As a concrete example, suppose we have the following:
x = { 3 : 2.7, 10 : 3.14 }
, which is to say a sparse data structure with two elements, one at index 3, another at index 10. This could be represented with the backing array being [2.7, 3.14]
and the index array being [3, 10]
A correctly zero-initialized shadow data structure would be to have a backing array of size 2 with zero’s, and an index array again being [3, 10]
.
In this form the second element of the derivative backing array is used to store/represent the derivative of the second element of the original backing array, in other words the derivative at index 10.
A caveat here (discussed in our FAQs here: Home · Enzyme.jl) is that this correctly zero’d initializer is not the default produced by sparse(0). Instead we provide and generally recommend using Enzyme.make_zero
which recursively goes through your data structure to generate the shadows of the correct structure (and in this case would make a new backing array). Again the make_zero function is not special cased to sparsity at all, but just comes out as a result.

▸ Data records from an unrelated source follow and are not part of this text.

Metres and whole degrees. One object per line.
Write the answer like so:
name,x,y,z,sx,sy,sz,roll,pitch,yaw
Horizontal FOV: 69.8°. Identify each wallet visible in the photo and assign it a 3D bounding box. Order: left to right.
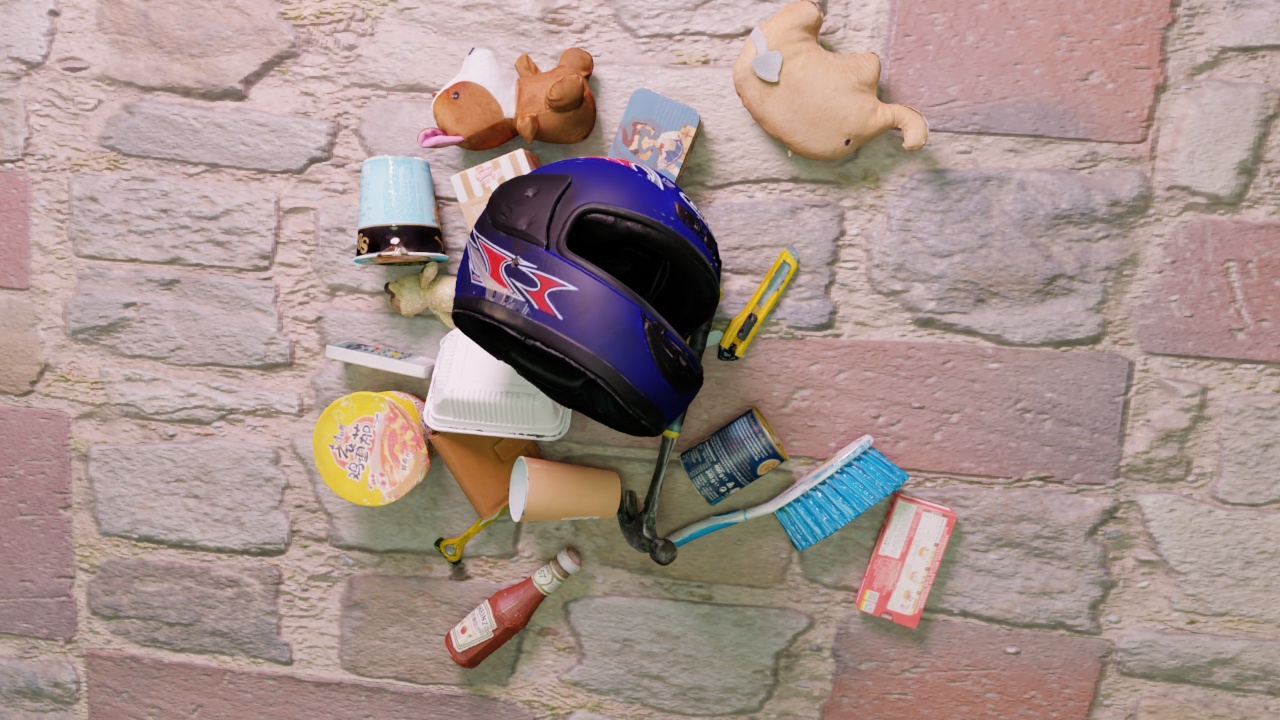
wallet,-0.182,0.114,1.122,0.107,0.031,0.132,-35,114,-19

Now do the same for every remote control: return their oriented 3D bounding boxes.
remote control,-0.318,-0.002,1.141,0.135,0.056,0.019,12,99,6

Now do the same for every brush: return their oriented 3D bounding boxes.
brush,0.164,0.188,1.113,0.315,0.060,0.109,-37,87,13

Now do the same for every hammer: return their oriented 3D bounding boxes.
hammer,0.038,0.068,1.086,0.031,0.126,0.323,12,94,-31

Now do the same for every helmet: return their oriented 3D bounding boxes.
helmet,-0.035,-0.081,0.925,0.240,0.316,0.247,-56,132,-11

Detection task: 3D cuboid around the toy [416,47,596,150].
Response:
toy,-0.153,-0.296,1.047,0.200,0.139,0.130,-9,124,12

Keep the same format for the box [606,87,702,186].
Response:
box,0.002,-0.217,1.067,0.090,0.061,0.184,21,99,4

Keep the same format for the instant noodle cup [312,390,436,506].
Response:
instant noodle cup,-0.314,0.098,1.127,0.138,0.109,0.138,1,98,7

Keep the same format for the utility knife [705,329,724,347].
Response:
utility knife,-0.007,0.007,1.121,0.236,0.018,0.034,-18,107,7

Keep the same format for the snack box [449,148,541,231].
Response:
snack box,-0.156,-0.187,1.082,0.093,0.077,0.094,-19,96,9

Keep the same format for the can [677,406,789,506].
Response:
can,0.110,0.115,1.094,0.111,0.075,0.075,-34,93,11

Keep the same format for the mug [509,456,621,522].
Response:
mug,-0.090,0.159,1.109,0.122,0.078,0.078,7,100,-21

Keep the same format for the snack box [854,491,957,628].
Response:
snack box,0.320,0.242,1.111,0.075,0.025,0.153,17,100,3

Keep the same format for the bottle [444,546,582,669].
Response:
bottle,-0.159,0.311,1.164,0.206,0.059,0.060,-41,92,11

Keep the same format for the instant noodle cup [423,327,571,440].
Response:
instant noodle cup,-0.165,0.018,1.082,0.173,0.060,0.137,4,59,3

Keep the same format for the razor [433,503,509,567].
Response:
razor,-0.205,0.210,1.174,0.133,0.028,0.043,-41,88,9

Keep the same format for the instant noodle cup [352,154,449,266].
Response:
instant noodle cup,-0.287,-0.178,1.091,0.111,0.111,0.120,-2,90,7

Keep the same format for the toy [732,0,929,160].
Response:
toy,0.208,-0.289,1.021,0.226,0.082,0.144,38,109,-2

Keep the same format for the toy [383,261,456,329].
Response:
toy,-0.229,-0.088,1.120,0.157,0.066,0.105,-9,139,4

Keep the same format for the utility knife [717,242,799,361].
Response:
utility knife,0.141,-0.067,1.092,0.033,0.015,0.164,30,100,-7
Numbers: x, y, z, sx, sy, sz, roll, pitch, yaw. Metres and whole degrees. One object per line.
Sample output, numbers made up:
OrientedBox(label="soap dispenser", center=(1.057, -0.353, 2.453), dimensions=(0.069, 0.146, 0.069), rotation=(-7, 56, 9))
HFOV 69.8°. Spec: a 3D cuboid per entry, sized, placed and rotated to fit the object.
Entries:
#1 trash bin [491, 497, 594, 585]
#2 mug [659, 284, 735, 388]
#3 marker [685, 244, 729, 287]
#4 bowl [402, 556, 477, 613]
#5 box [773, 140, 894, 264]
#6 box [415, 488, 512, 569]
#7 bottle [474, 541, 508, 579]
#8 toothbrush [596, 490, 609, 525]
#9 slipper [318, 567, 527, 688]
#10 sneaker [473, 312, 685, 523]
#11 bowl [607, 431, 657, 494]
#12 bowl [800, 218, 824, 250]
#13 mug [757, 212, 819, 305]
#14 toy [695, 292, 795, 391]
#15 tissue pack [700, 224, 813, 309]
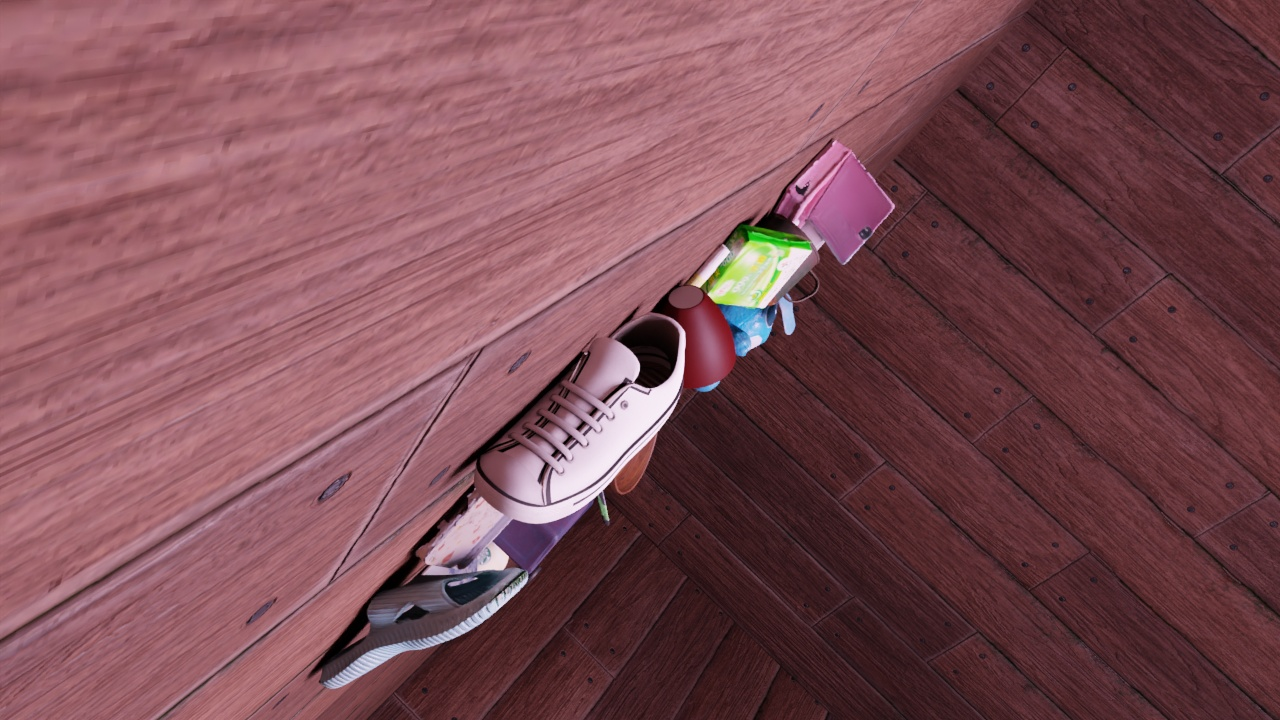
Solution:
OrientedBox(label="trash bin", center=(-0.133, 0.204, 1.196), dimensions=(0.092, 0.094, 0.160), rotation=(-48, 177, 16))
OrientedBox(label="mug", center=(0.039, -0.029, 0.946), dimensions=(0.114, 0.087, 0.088), rotation=(-14, 134, -2))
OrientedBox(label="marker", center=(0.048, -0.071, 0.983), dimensions=(0.132, 0.014, 0.014), rotation=(-48, 175, 15))
OrientedBox(label="bowl", center=(-0.240, 0.280, 1.089), dimensions=(0.150, 0.057, 0.151), rotation=(-46, 174, -6))
OrientedBox(label="box", center=(0.231, -0.170, 1.155), dimensions=(0.099, 0.115, 0.233), rotation=(-45, 174, -10))
OrientedBox(label="box", center=(-0.122, 0.116, 0.906), dimensions=(0.216, 0.063, 0.157), rotation=(-46, 164, -3))
OrientedBox(label="bottle", center=(-0.226, 0.283, 1.224), dimensions=(0.161, 0.056, 0.057), rotation=(-44, 174, -34))
OrientedBox(label="toothbrush", center=(-0.060, 0.152, 1.231), dimensions=(0.017, 0.014, 0.188), rotation=(-58, 146, -47))
OrientedBox(label="slipper", center=(-0.225, 0.251, 0.913), dimensions=(0.277, 0.069, 0.115), rotation=(-30, 175, 25))
OrientedBox(label="sneaker", center=(-0.037, 0.034, 0.769), dimensions=(0.244, 0.091, 0.097), rotation=(-37, 151, -40))
OrientedBox(label="bowl", center=(-0.033, 0.107, 1.282), dimensions=(0.147, 0.069, 0.147), rotation=(16, 89, -70))
OrientedBox(label="bowl", center=(0.217, -0.167, 1.341), dimensions=(0.131, 0.064, 0.132), rotation=(-46, 175, -6))
OrientedBox(label="mug", center=(0.168, -0.111, 1.117), dimensions=(0.081, 0.111, 0.085), rotation=(-45, -166, -6))
OrientedBox(label="toy", center=(0.096, -0.037, 1.219), dimensions=(0.191, 0.099, 0.224), rotation=(-42, -159, -26))
OrientedBox(label="tissue pack", center=(0.124, -0.102, 1.015), dimensions=(0.099, 0.034, 0.114), rotation=(3, 139, -34))

Internally, when differentiating a function this is the type of data structure that Enzyme builds and uses to represent variables. It is at the julia level that there’s a bit of a sharp edge.

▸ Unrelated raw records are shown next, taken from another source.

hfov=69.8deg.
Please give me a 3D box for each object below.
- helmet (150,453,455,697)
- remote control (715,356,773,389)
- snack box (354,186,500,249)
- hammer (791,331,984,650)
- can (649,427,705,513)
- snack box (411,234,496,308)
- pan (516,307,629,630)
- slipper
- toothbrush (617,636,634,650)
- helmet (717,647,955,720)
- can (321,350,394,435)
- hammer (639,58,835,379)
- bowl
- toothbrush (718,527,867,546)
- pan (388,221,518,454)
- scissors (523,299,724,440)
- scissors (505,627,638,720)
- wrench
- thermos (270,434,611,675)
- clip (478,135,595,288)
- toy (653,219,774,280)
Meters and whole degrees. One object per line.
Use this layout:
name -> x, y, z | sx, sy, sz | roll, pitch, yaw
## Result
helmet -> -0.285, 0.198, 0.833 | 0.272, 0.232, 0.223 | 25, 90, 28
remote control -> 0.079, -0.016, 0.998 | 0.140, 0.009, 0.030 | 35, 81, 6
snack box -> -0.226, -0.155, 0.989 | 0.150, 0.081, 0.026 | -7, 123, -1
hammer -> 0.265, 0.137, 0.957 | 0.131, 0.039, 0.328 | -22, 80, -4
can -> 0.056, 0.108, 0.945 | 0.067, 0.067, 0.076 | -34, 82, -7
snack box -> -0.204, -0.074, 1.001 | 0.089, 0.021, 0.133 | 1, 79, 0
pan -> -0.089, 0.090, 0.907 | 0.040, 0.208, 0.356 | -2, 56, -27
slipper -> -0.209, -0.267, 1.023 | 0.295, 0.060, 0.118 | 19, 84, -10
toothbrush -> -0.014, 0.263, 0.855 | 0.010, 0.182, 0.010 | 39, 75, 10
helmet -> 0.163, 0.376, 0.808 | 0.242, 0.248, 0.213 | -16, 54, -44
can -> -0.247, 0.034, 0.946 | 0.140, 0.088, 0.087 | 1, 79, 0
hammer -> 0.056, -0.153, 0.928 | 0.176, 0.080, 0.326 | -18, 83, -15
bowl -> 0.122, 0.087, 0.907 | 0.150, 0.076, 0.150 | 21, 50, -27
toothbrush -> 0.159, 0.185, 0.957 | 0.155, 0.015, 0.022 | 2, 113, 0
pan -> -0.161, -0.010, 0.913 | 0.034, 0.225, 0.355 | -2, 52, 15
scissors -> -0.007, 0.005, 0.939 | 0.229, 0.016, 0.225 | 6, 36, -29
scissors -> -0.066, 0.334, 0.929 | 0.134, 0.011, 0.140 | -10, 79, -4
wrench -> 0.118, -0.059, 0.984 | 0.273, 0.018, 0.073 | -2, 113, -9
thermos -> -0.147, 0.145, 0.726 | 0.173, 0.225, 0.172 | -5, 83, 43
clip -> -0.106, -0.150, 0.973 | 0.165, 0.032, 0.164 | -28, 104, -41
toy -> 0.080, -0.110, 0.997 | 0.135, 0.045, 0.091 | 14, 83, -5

@stevengj in your example f(A(x))
where A returns a sparse data structure. Enzyme’s differentiable version of A that it generates would create both the backing/index arrays for the original result A, as well as the equal sized backing/index arrays for the derivative.

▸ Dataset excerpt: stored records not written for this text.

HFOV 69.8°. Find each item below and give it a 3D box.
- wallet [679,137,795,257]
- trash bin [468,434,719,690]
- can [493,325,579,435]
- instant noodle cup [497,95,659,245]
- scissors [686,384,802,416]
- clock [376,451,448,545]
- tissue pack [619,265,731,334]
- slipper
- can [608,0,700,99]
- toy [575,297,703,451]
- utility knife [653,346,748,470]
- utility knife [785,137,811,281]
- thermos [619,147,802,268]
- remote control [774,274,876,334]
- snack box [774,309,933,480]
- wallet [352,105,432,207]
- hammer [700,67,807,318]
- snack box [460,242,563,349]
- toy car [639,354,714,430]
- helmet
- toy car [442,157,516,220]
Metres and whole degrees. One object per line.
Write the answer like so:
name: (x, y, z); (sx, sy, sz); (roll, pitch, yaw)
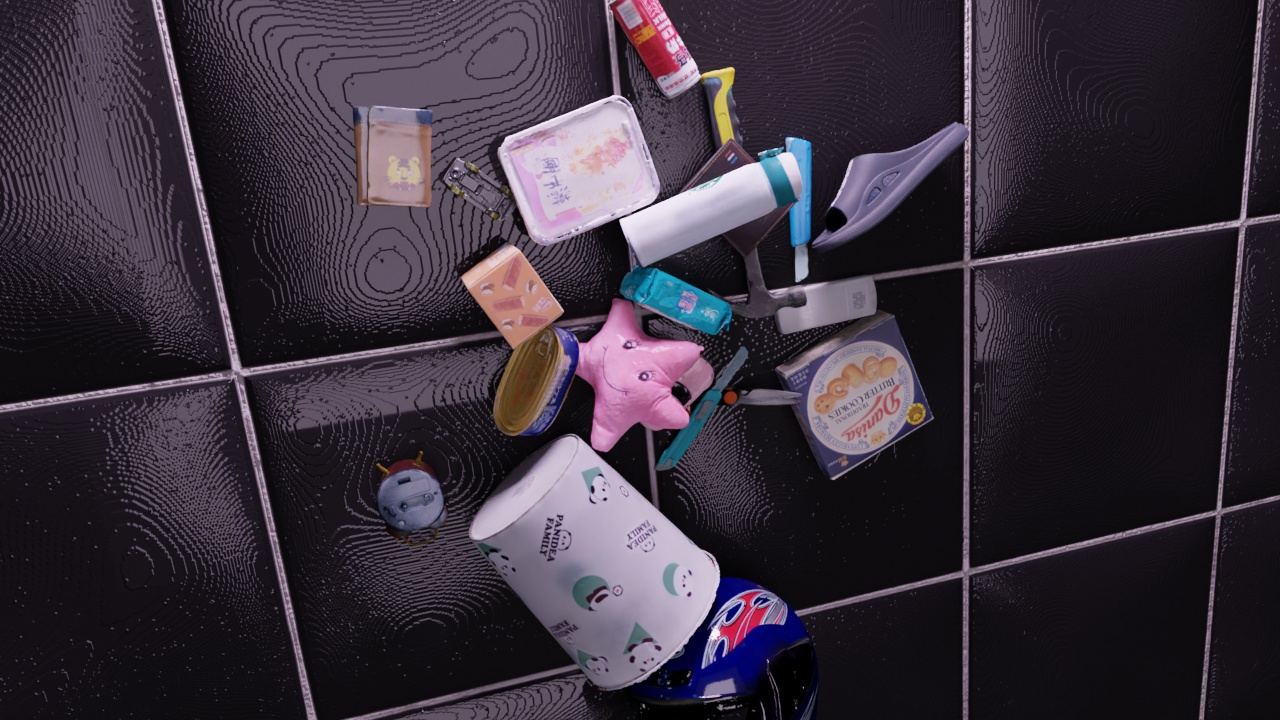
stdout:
wallet: (0.124, -0.206, 1.169); (0.122, 0.020, 0.096); (42, 98, -15)
trash bin: (-0.065, 0.244, 1.165); (0.229, 0.229, 0.252); (-41, 105, -3)
can: (-0.130, 0.026, 1.157); (0.049, 0.075, 0.148); (9, 107, -58)
instant noodle cup: (-0.077, -0.232, 1.122); (0.173, 0.060, 0.138); (-24, 109, -8)
scissors: (0.106, 0.060, 1.253); (0.235, 0.021, 0.143); (23, 107, -14)
clock: (-0.290, 0.181, 1.166); (0.082, 0.055, 0.122); (-16, 108, -13)
tissue pack: (0.047, -0.076, 1.179); (0.133, 0.093, 0.050); (23, 92, -19)
slipper: (0.315, -0.243, 1.218); (0.268, 0.111, 0.083); (-40, 94, -9)
can: (0.019, -0.388, 1.114); (0.053, 0.053, 0.133); (-37, 110, -5)
toy: (-0.007, 0.007, 1.168); (0.178, 0.075, 0.194); (-20, 71, 0)
utility knife: (0.082, 0.070, 1.232); (0.029, 0.013, 0.224); (19, 117, -26)
utility knife: (0.214, -0.202, 1.235); (0.034, 0.018, 0.194); (-5, 105, -3)
thermos: (0.089, -0.189, 1.124); (0.224, 0.073, 0.073); (-23, 109, 6)
remote control: (0.257, -0.079, 1.276); (0.150, 0.021, 0.058); (-12, 104, -13)
snack box: (0.308, 0.049, 1.310); (0.178, 0.046, 0.182); (-30, 109, -7)
wallet: (-0.290, -0.238, 1.076); (0.090, 0.033, 0.115); (-1, 107, -17)
hammer: (0.126, -0.211, 1.193); (0.126, 0.032, 0.323); (-14, 105, -1)
snack box: (-0.158, -0.080, 1.118); (0.077, 0.093, 0.094); (-37, 110, -5)
toy car: (0.045, 0.043, 1.208); (0.056, 0.037, 0.122); (40, 102, -20)
helmet: (0.094, 0.425, 1.214); (0.314, 0.248, 0.240); (-32, 104, -48)
toy car: (-0.193, -0.205, 1.108); (0.090, 0.035, 0.042); (32, 94, -21)
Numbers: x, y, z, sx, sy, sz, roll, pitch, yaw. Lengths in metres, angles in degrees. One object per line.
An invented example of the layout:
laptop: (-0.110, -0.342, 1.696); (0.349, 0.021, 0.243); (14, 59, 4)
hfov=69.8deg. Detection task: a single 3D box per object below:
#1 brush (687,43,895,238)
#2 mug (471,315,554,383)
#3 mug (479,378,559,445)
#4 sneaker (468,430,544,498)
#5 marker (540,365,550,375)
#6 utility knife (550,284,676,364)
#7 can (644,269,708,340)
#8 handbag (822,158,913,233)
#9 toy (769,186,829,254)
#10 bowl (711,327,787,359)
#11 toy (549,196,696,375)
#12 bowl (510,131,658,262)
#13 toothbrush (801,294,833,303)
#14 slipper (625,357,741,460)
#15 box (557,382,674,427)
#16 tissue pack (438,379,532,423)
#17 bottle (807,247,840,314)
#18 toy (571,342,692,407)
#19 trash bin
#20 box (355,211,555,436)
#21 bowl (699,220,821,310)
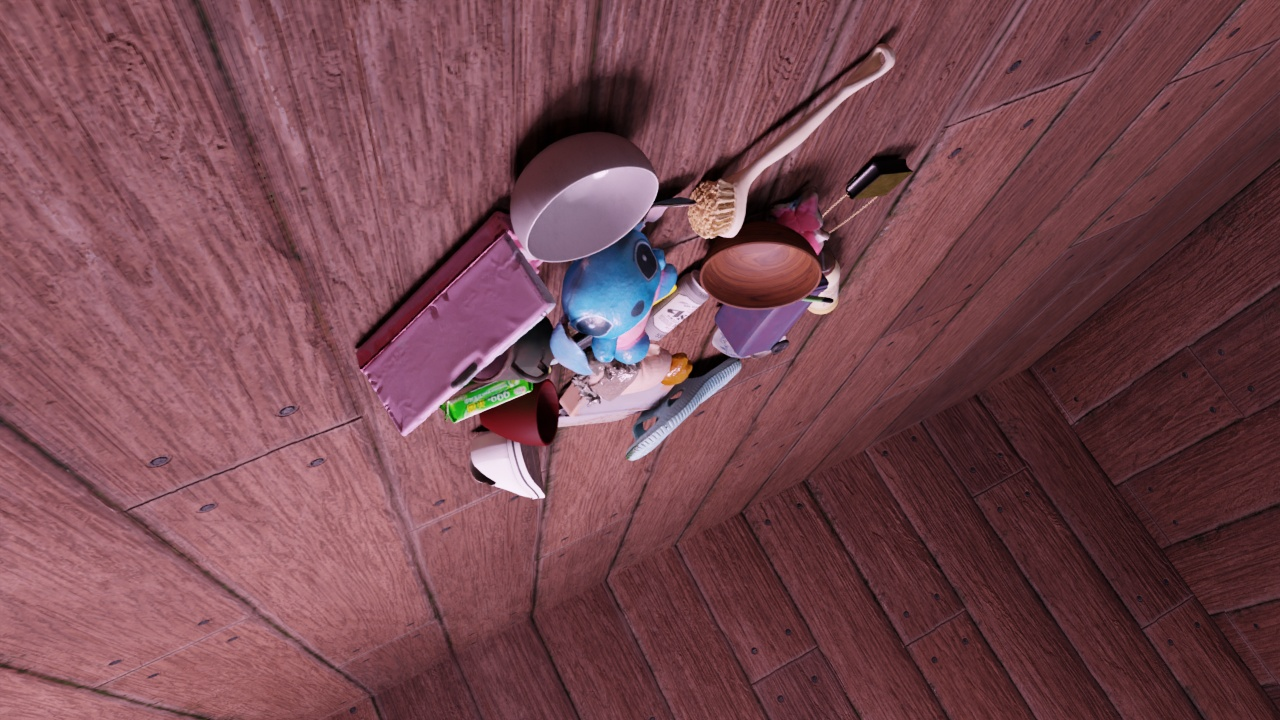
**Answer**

For any program which generates sparse data structures internally, this will always give you the answer you expect – and with the corresponding memory requirements outlined above.
The added caveat, however, is if you want to differentiate a top level function that takes in a sparse array. For example consider the sum
function over all elements. While in one semantic meaning it is meant to represent summing up all elements of the virtual sparse array, in a more literal sense the sum will only add elements 3 and 10 of the input sparse array – the only two nonzero elements – or equivalently the sum of the whole backing array. Correspondingly Enzyme will update the sparse shadow data structure to mark both elements 3 and 10 as having a derivative of 1 (or more literally set all the elements of the backing array to derivative 1). These are the only variables that Enzyme needs to update, since quite literarily they are the only variables read (and thus have a non-zero derivative). This is why this memory-safe representation composes within Enzyme.
If the name we gave to this data structure wasn’t “SparseArray” but instead “MyStruct” this is precisely the answer we would have desired. However, since the sparse array printer would otherwise print zeros for elements outside of the sparse backing array, this isn’t what one would expect. Making a nicer user conversion from Enzyme’s form of differential data structures, to the more natural “Julian” form where there is a semantic mismatch between what Julia intends a data structure to mean by name, and what is implemented is going on here (Supporting covariant derivatives · Issue #1334 · EnzymeAD/Enzyme.jl · GitHub).
The benefit of this representation, however, is that all of our rules compose correctly (e.g. how you got the correct answer for f(A(x))
, without the need to special case any sparse code, and with the same memory/performance expectations as the original code.
Another quick caveat: like Chris said, if Julia calls an external library like SuiteSparse that we don’t have a derivative for, Enzyme will throw a “no derivative found” error for that function. This is easily resolvable by writing a custom rule or internal Enzyme support for whatever function arises. This is admittedly limited on SuiteSparse at the moment as we’ve been focusing on other areas of expanding the scope of Enzyme.jl’s julia language support (moreso on type unstable code), but all contributions very welcome.